▶ [YOUR INSTRUCTIONS] Select all lines in the records that include "pixels".

▶ [INFORMATION SUPPLIED]
= = = =
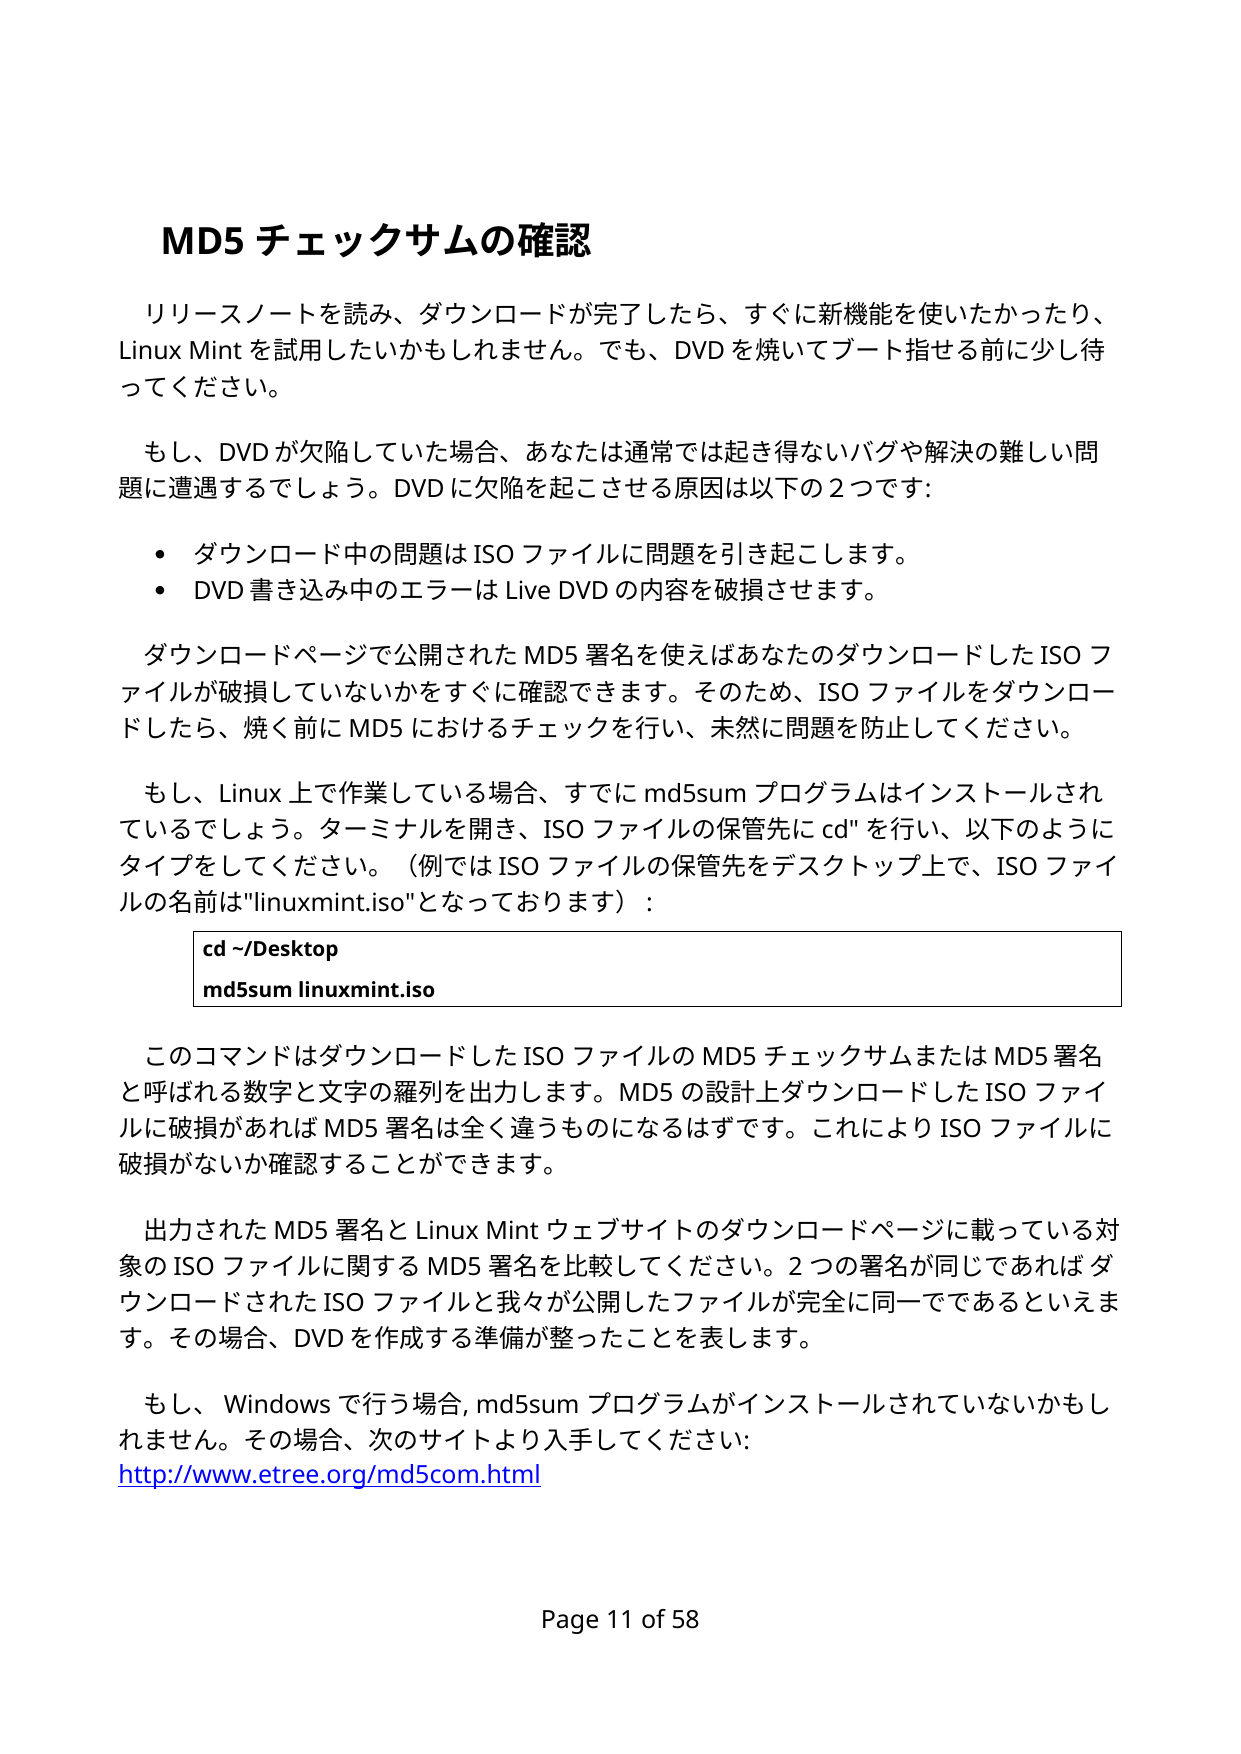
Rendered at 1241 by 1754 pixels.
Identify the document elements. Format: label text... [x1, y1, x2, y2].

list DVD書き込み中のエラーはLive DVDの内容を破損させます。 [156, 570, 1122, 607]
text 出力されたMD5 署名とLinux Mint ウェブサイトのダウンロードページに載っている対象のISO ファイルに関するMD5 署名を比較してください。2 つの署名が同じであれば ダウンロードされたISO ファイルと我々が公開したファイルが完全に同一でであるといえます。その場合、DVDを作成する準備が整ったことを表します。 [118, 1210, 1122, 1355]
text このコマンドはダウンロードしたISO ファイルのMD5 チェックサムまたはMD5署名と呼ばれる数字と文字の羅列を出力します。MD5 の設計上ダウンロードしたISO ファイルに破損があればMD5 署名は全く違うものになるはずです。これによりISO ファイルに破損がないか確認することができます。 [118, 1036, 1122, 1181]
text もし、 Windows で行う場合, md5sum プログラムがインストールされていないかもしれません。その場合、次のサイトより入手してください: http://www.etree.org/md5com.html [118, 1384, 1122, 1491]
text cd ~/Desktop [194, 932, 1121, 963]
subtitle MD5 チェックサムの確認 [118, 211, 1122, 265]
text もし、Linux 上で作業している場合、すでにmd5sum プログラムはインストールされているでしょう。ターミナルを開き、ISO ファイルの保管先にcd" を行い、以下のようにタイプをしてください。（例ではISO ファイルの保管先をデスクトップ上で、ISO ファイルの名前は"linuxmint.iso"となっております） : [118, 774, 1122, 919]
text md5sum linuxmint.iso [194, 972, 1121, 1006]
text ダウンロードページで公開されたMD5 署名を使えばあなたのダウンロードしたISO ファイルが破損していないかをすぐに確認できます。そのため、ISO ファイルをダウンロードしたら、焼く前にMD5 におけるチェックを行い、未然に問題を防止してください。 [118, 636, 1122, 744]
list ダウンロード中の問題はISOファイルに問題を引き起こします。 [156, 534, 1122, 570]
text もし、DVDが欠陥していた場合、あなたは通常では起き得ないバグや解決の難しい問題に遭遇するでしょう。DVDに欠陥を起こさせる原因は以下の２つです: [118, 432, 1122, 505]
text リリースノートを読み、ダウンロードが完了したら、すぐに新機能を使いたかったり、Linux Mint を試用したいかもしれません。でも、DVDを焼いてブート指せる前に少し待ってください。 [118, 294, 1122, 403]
= = = =
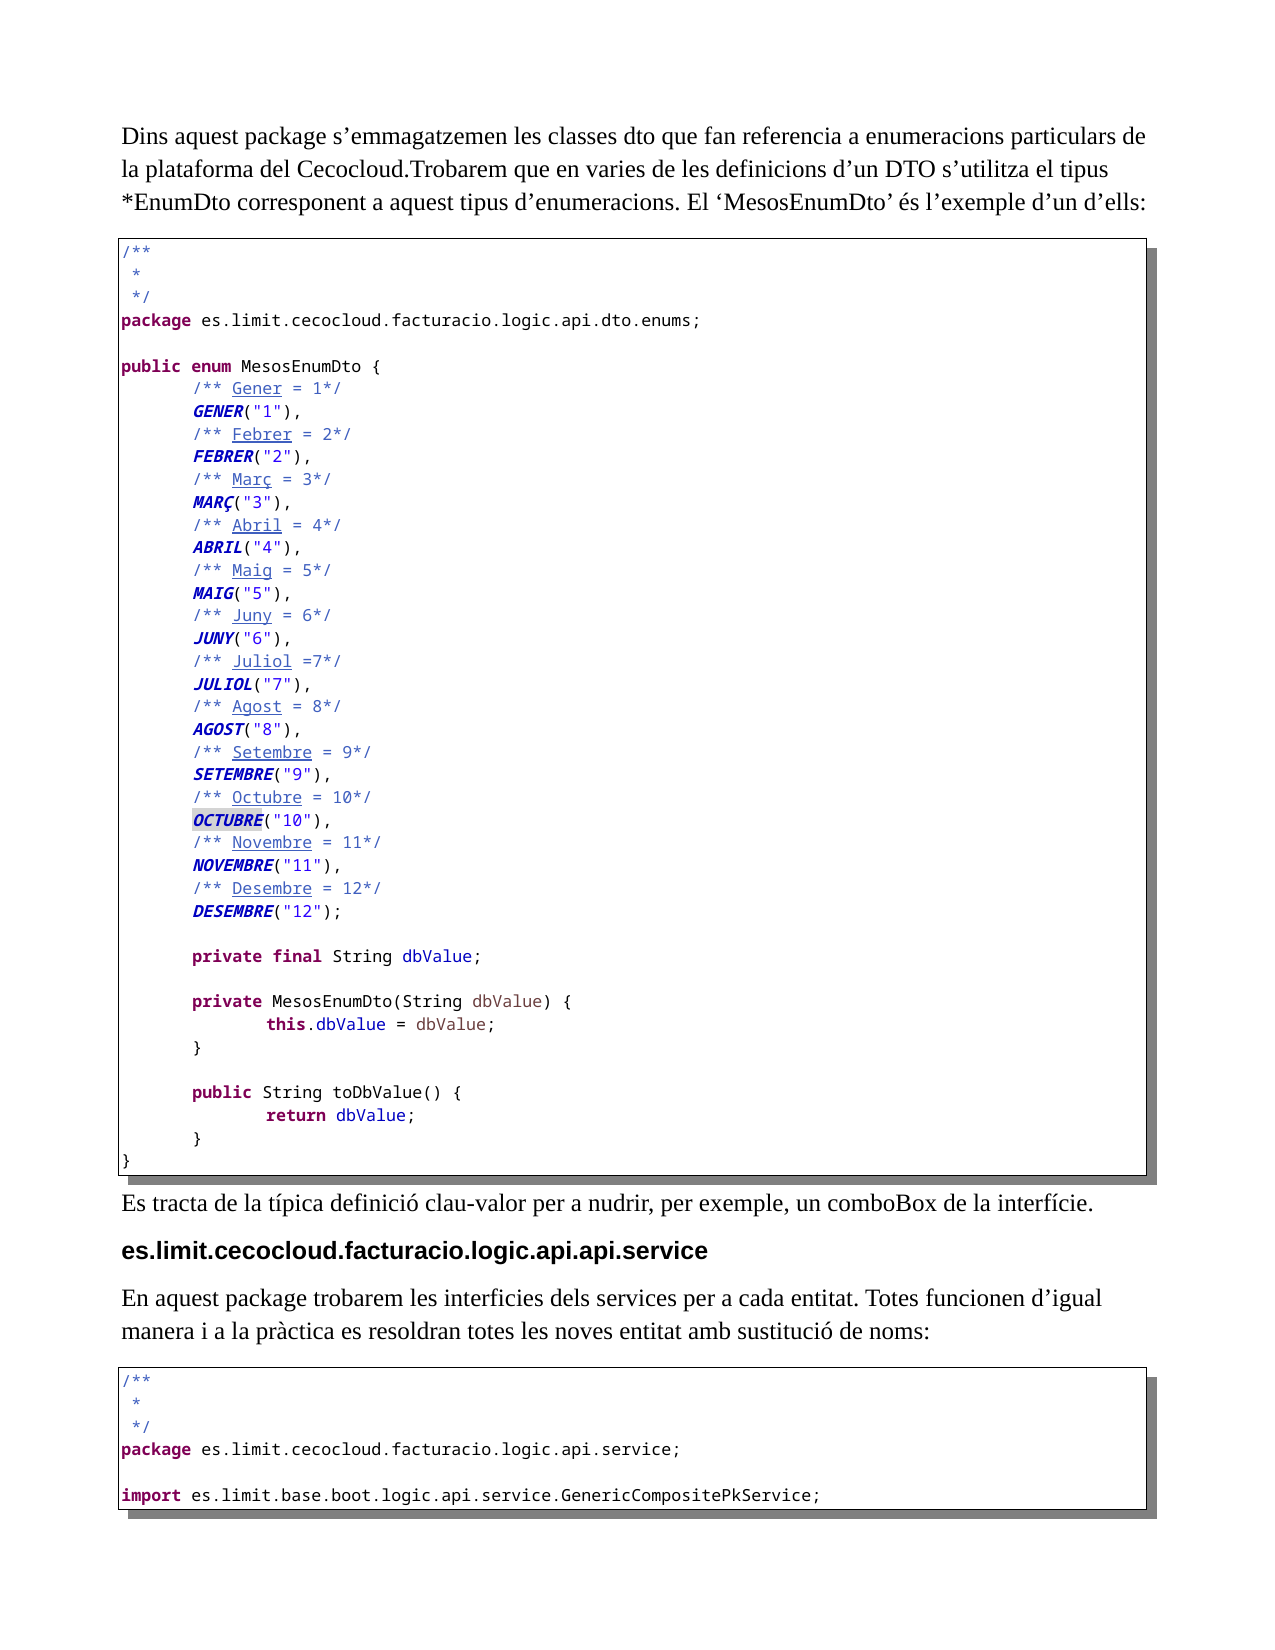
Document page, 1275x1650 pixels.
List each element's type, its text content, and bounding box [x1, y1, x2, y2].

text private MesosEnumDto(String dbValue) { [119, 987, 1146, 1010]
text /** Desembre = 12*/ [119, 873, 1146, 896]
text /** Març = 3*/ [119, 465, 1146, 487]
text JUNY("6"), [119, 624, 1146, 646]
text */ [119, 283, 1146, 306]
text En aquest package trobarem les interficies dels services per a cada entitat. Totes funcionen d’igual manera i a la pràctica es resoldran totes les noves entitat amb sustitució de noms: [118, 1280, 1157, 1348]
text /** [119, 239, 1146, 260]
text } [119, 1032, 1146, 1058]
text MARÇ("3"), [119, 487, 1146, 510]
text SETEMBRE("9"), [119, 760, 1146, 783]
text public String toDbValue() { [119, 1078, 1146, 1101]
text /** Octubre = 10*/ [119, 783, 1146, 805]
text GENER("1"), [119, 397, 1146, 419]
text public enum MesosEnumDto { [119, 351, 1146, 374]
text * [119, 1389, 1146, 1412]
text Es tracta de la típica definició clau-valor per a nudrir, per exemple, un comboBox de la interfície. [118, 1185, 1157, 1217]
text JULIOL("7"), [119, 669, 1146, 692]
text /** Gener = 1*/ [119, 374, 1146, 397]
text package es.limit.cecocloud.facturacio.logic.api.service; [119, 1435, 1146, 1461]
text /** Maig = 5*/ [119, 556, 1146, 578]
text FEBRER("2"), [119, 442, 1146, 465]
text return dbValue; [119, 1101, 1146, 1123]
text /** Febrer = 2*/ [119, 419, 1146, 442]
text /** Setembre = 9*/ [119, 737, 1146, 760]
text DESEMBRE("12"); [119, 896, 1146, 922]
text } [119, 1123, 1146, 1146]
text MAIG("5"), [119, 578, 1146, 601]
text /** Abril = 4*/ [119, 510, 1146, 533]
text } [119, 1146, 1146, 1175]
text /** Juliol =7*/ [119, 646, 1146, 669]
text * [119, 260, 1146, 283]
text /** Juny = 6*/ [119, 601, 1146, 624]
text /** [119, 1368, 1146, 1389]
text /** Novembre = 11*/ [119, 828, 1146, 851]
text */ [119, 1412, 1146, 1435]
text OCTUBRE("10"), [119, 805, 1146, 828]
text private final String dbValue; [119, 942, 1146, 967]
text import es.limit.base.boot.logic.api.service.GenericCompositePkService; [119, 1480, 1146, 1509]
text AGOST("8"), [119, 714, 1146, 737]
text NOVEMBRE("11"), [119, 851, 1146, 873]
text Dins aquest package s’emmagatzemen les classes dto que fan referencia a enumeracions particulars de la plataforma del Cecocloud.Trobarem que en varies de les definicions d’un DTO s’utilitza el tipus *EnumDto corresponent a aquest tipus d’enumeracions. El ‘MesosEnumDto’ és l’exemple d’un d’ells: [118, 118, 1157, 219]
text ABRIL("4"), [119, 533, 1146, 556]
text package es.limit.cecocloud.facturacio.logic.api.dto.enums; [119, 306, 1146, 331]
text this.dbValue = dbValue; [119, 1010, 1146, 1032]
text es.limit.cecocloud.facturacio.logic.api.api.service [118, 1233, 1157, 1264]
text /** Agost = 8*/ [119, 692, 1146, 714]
= = = =
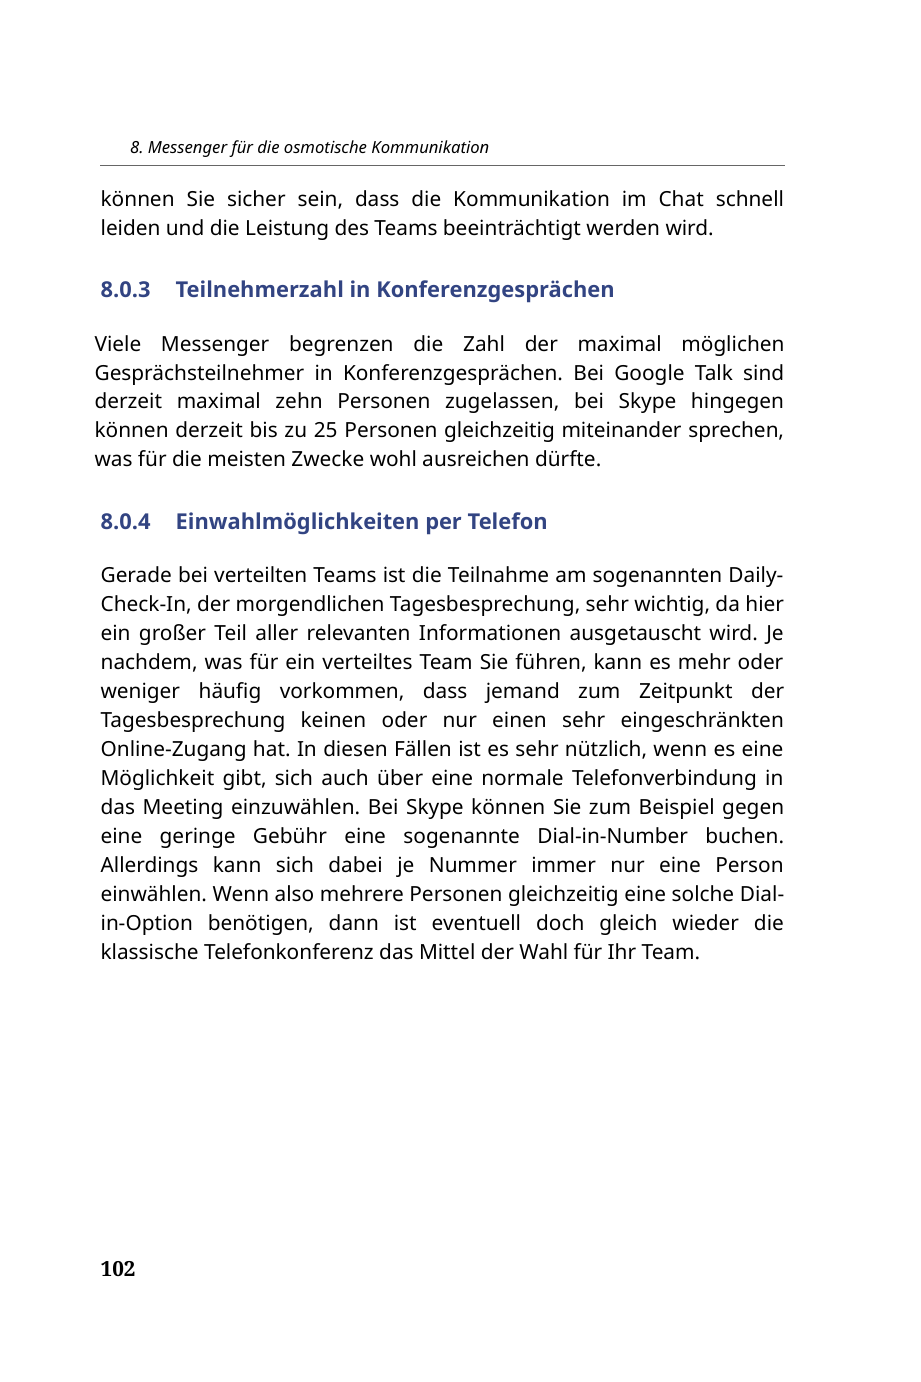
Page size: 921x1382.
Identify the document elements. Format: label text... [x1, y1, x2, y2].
= = = =
▶ [EXERCISE RESPONSE]
Rendered at 1241 by 1754 pixels.
Document page, 1275x1650 pixels.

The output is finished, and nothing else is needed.